Donald Trump revient à la présidence des Etats-Unis : de quoi inquiéter les viticulteurs bourguignons qui exportent près de 20 % de leur production outre-Atlantique. Ils pourraient perdre gros alors que le secteur connaît une dynamique positive.
« On a peur aujourd’hui, vu ce qu’il aurait pu faire il y a 4 ans ». à Premeaux-Prissey (Côte-d’Or), Raphaël Dubois produit 21 appellations viticoles sur ses 21 hectares de terres, dont près de 10 % sont destinés au marché américain. Avec le retour de Donald Trump à la Maison Blanche, il s’inquiète.
« Il fallait qu’il aille aux Etats-Unis »souligne le vigneron devant une cargaison de bouteilles de vin en partance pour le Minnesota, qu’il a finalement décidé de ne pas livrer à son potentiel acheteur.
« Depuis septembre, nous n’avons plus rien. Plus de son, plus d’image. Nous avons essayé 4-5 fois de les contacter, par mail, par téléphone, nous n’avons jamais réussi à joindre les bonnes personnes au point d’obtenir des réponses »ajoute Raphaël, qui pour des raisons de sécurité, a décidé de garder sa marchandise impayée pour la revendre sur d’autres marchés.
Un silence qu’il impute à la tournure prise par la campagne présidentielle… et qui ne le rassure pas au vu des intentions du nouveau président américain.
Lors de son premier mandat, Donald Trump a instauré une taxe de 25 % sur les vins français. Une mesure de rétorsion prise en 2019, en réponse à la guerre commerciale entre Boeing et Airbus. Les exportations de vins bourguignons chutent alors de 25 %.
«Il a toujours défendu l’idée de ‘l’Amérique d’abord’ et de taxer les produits importés. Je ne serais pas surpris s’il le faisait.avoue Raphaël, qui craint de voir ses clients s’approvisionner ailleurs, auprès de producteurs moins chers. Des clients qui pourraient même arrêter de boire du vin.
« Une augmentation des prix de 10 à 20 % due à une taxe peut constituer un frein à la consommation », souligne le vigneron bourguignon.
Depuis le moratoire de 2021, le marché du vin a repris des couleurs. « Le secteur bourguignon est actuellement légèrement positif. Depuis le début de l’année, nous avons recommencé à légèrement progresser, notamment sur le marché américain qui est un marché dynamique »explique Laurent Delaunay, président de l’Office interprofessionnel des vins de Bourgogne (BIVB).

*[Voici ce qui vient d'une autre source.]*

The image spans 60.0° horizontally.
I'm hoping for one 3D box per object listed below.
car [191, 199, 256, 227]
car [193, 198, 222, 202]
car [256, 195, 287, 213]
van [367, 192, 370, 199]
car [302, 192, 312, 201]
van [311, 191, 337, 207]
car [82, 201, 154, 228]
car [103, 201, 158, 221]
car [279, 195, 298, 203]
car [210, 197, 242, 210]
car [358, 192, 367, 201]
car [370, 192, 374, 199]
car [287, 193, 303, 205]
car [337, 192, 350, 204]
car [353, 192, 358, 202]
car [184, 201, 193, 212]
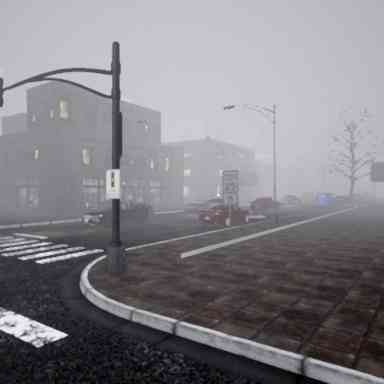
[{"bbox_3d":[2.175,1.398,21.436,1.887,1.381,4.507,0,1,35],"label":"car"},{"bbox_3d":[2.369,1.326,31.917,1.812,1.442,4.674,0,0,35],"label":"car"},{"bbox_3d":[7.685,1.243,34.018,1.882,1.535,5.008,0,0,34],"label":"car"},{"bbox_3d":[36.020,0.800,70.489,1.690,1.788,3.998,0,1,35],"label":"van"},{"bbox_3d":[22.846,0.854,66.151,2.192,1.841,5.009,0,1,35],"label":"car"},{"bbox_3d":[17.191,1.016,43.198,1.690,1.788,3.998,0,1,35],"label":"van"},{"bbox_3d":[-4.801,1.377,21.531,2.128,1.511,4.902,0,0,35],"label":"car"},{"bbox_3d":[-4.723,1.444,26.195,1.802,1.307,4.206,0,1,35],"label":"car"},{"bbox_3d":[16.569,1.193,57.056,1.802,1.307,4.206,0,1,35],"label":"car"},{"bbox_3d":[4.016,1.324,38.862,1.947,1.339,4.313,0,1,35],"label":"car"},{"bbox_3d":[32.882,0.934,65.942,1.967,1.590,4.097,0,1,35],"label":"car"},{"bbox_3d":[39.158,0.968,75.040,1.887,1.381,4.507,0,1,35],"label":"car"},{"bbox_3d":[14.541,1.185,49.395,1.812,1.442,4.674,0,0,35],"label":"car"},{"bbox_3d":[23.467,1.168,52.297,1.947,1.339,4.313,0,1,35],"label":"car"},{"bbox_3d":[26.605,1.111,56.846,1.887,1.381,4.507,0,1,35],"label":"car"},{"bbox_3d":[0.878,1.346,34.314,2.008,1.369,4.403,0,1,35],"label":"car"}]
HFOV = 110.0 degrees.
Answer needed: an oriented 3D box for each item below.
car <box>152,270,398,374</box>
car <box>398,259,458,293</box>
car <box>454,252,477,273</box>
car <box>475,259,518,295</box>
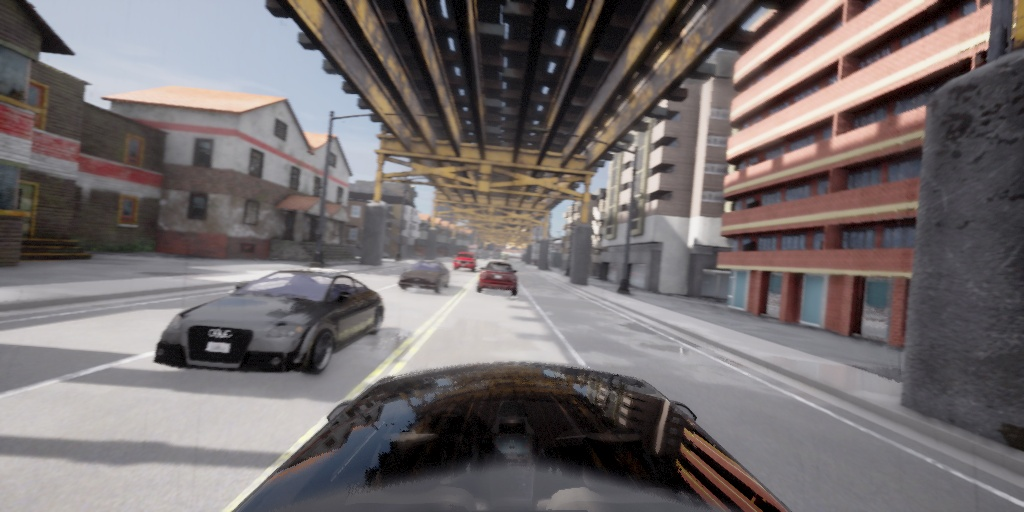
[{"bbox_3d":[-3.800,0.977,6.549,1.994,1.385,4.181,5,0,-2],"label":"car"},{"bbox_3d":[-4.280,0.974,18.417,2.033,1.411,5.357,5,0,-2],"label":"car"},{"bbox_3d":[-5.008,0.605,39.070,2.150,2.045,5.566,5,0,-2],"label":"car"},{"bbox_3d":[-0.785,1.111,20.567,2.097,1.767,4.553,5,0,-2],"label":"car"}]
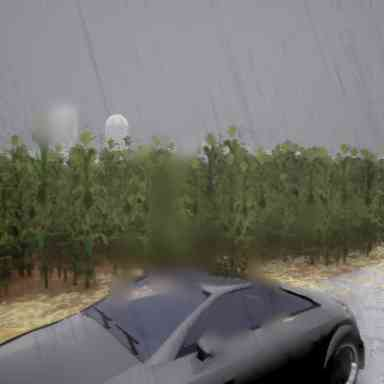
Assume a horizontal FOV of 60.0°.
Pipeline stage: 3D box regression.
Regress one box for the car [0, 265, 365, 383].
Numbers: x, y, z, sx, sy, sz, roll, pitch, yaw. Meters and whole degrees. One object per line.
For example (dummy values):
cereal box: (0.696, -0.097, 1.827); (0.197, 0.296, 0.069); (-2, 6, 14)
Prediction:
car: (-0.045, 1.569, 3.486); (4.181, 1.385, 1.994); (0, 0, -36)
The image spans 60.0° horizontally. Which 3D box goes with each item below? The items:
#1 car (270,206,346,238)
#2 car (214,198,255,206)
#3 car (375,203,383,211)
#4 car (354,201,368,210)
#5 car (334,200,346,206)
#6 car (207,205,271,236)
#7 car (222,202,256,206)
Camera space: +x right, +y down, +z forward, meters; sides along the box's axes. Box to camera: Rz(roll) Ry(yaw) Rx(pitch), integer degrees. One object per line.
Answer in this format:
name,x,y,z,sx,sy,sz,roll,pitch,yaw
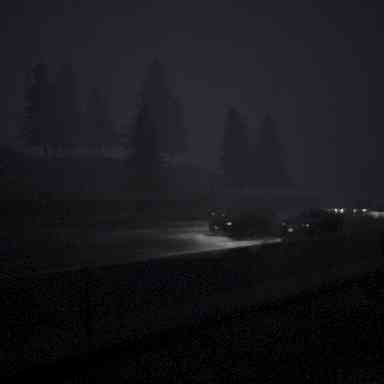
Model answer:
car,6.880,1.724,18.827,4.902,1.511,2.128,1,-1,-43
car,3.783,1.539,30.325,5.566,2.045,2.150,1,-1,-45
car,29.104,2.315,50.817,1.895,1.301,4.718,0,-1,33
car,30.005,2.302,59.194,1.837,1.490,4.892,1,0,29
car,28.017,2.336,62.897,2.128,1.511,4.902,0,-1,28
car,3.090,1.739,20.121,4.674,1.442,1.812,1,-1,-42
car,5.011,1.782,26.658,4.902,1.511,2.128,1,-1,-44
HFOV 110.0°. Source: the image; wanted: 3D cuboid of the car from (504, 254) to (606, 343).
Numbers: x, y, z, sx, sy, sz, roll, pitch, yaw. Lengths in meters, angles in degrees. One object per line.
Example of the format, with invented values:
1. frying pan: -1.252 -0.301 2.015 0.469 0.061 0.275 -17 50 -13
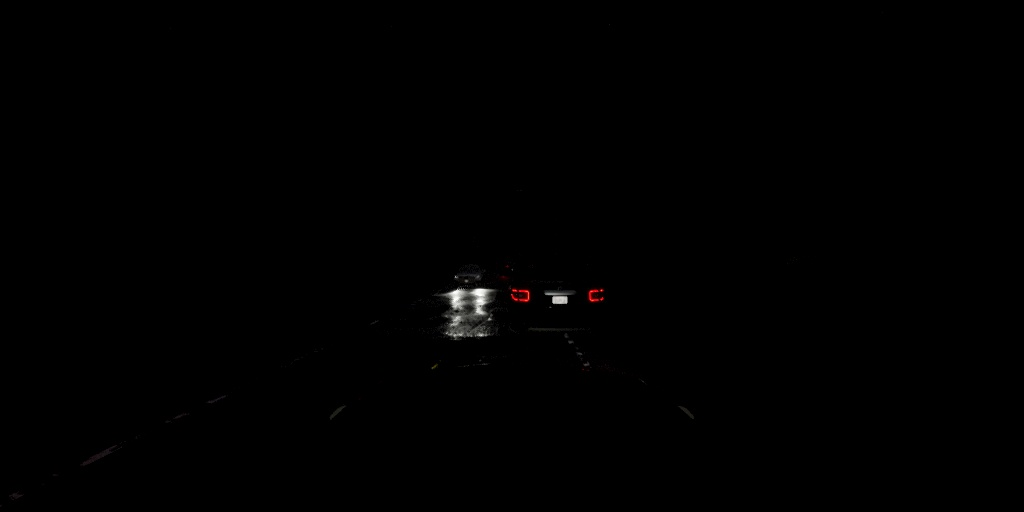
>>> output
1. car: 0.957 0.974 9.858 2.150 2.045 5.566 0 0 0

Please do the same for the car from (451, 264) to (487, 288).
1. car: -2.772 1.271 24.184 1.812 1.442 4.674 0 0 0

20 % de la production régionale est destinée aux États-Unis, soit environ 20 millions de bouteilles par an. Le pays représente le premier marché des exportations bourguignonnes.
Notre crainte serait la combinaison des deux : la mise en place de droits de douane de 10 ou 20 %, plus la réintroduction de cette taxe. Ce serait assez dramatique pour les vins français et les vins de Bourgogne en particulier. Si nous perdions du terrain sur notre premier marché d’exportation, nous préférerions entrer dans une spirale négative. Il y a des raisons de s’inquiéter.
Laurent DelaunayPrésident du Bureau interprofessionnel des vins de Bourgogne (BIVB).
« Ce n’est pas quelque chose que nous avons connu à ce niveau au cours des 20 à 40 dernières années. Nous nous rendons compte que nous sommes réellement dans des tensions géopolitiques qui nous dépassent. On a l’impression d’être un lien assez fragile« , ajoute le commerçant.
L’incertitude plane mais les vignerons gardent espoir. Ils misent tout sur le rôle de négociation de la Commission européenne.
« Nous savons que le président Trump est assez joueur : c’est un négociateur. Il aime utiliser le bras de fer pour commencer par faire des compromis plus tard. Nous pouvons donc espérer que si cela va dans cette direction, il pourra y avoir des négociations et que la Commission européenne parviendra en substance à trouver un accord. »conclut Laurent Delaunay.
Lui, comme Raphaël, dispose encore de quelques semaines de répit jusqu’au 20 janvier, date à laquelle prendra ses fonctions le 47e président des États-Unis.